SPM
- class hana_ml.algorithms.pal.association.SPM(min_support, relational=None, max_len=None, min_len=None, max_len_out=None, min_len_out=None, ubiquitous=None, calc_lift=None, timeout=None)
The Sequential Pattern Mining (SPM) algorithm is a method in data mining developed to determine frequent patterns that occur in sequential data. This could be employed in several applications from market basket analysis to medical data analysis. Algorithm's purpose is to identify the patterns of purchase or occurrence in a sequence of time, highlighting patterns or trends in the data that may not have been initially apparent.
- Parameters:
- min_supportfloat
Specifies the minimum support value. Any item with support less than the user-specified minimum support value is not included in the frequent item mining phase.
- relationalbool, optional
Determines if relational logic should be applied in sequential pattern mining. If set to False, a single table for frequent pattern mining results is produced. Conversely, if set to True, the results table is split into two tables: one for mined patterns, and another for statistics.
Defaults to False.
- ubiquitousfloat, optional
Defines the limit above which items are disregarded during the frequent item mining phase.
Defaults to 1.0.
- min_lenint, optional
This parameter indicates the minimum number of items that can be present in a transaction. If transactions contain less than this number, they won't be considered during the pattern mining process.
Defaults to 1.
- max_lenint, optional
This parameter indicates the maximum number of items that can be present in a transaction.
Defaults to 10.
- min_len_outint, optional
This denotes the minimum number of items to be included in the mined association rules in the result table.
Defaults to 1.
- max_len_outint, optional
Specifies the maximum number of items of the mined association rules in the result table.
Defaults to 10.
- calc_liftbool, optional
Defines whether or not to compute lift values for all appropriate cases. If set to False, lift values are only computed for cases where the last transaction entails a single item.
Defaults to False.
- timeoutint, optional
Specifies the maximum run time for the algorithm in seconds. The algorithm will cease computation if the specified timeout is exceeded.
Defaults to 3600.
Examples
Input DataFrame df:
>>> df.collect() CUSTID TRANSID ITEMS 0 A 1 Apple 1 A 1 Blueberry ... 11 C 2 Blueberry 12 C 3 Dessert
Initialize a SPM object:
>>> sp = SPM(min_support=0.5, relational=False, ubiquitous=1.0, max_len=10, min_len=1, calc_lift=True)

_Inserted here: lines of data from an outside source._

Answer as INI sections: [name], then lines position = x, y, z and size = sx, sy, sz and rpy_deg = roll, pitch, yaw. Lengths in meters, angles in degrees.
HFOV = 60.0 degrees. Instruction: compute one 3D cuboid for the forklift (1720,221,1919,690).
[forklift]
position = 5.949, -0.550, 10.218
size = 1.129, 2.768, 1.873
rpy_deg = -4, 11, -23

Perform the fit() and obtain the result:
>>> sp.fit(data=df, customer='CUSTID', transaction='TRANSID', item='ITEMS') >>> sp.result_.collect() PATTERN SUPPORT CONFIDENCE LIFT 0 {Apple} 1.000000 0.000000 0.000000 1 {Apple},{Blueberry} 0.666667 0.666667 0.666667 2 {Apple},{Dessert} 1.000000 1.000000 1.000000 ... 10 {Cherry},{Dessert} 0.666667 1.000000 1.000000 11 {Dessert} 1.000000 0.000000 0.000000
- Attributes:
- result_DataFrame
The overall frequent pattern mining result, structured as follows:
1st column : mined frequent patterns,
2nd column : support values,
3rd column : confidence values,
4th column : lift values.
Available only when
relational
is False.- pattern_DataFrame
- Result for mined frequent patterns, structured as follows:
1st column : pattern ID,
2nd column : transaction ID,
3rd column : items.
Available only when
relational
is True.- stats_DataFrame
- Statistics for frequent pattern mining, structured as follows:
1st column : pattern ID,
2nd column : support values,
3rd column : confidence values,
4th column : lift values.
Available only when
relational
is True.
Methods
fit
(data[, customer, transaction, item, ...])Association rule mining on the given data.
- fit(data, customer=None, transaction=None, item=None, item_restrict=None, min_gap=None)
Association rule mining on the given data.
- Parameters:
- dataDataFrame
The input data.
- customerstr, optional
Column name of customer ID in the input data.
Defaults to name of the 1st column if not provided.
- transactionstr, optional
Column name of transaction ID in the input data.
Specially for sequential pattern mining, values of this column must reflect the sequence of occurrence as well.
Defaults to name of the 1st non-customer column if not provided.
- itemstr, optional
Column name of item ID (or items) in the input data.
Defaults to the name of the last non-customer, non-transaction column if not provided.
- item_restrictlist of int or str, optional
Specifies the list of items allowed in the mined association rule.
No default value
- min_gapint, optional
Specifies the the minimum time difference between consecutive transactions in a sequence.
No default value.
Inherited Methods from PALBase
Besides those methods mentioned above, the SPM class also inherits methods from PALBase class, please refer to PAL Base for more details.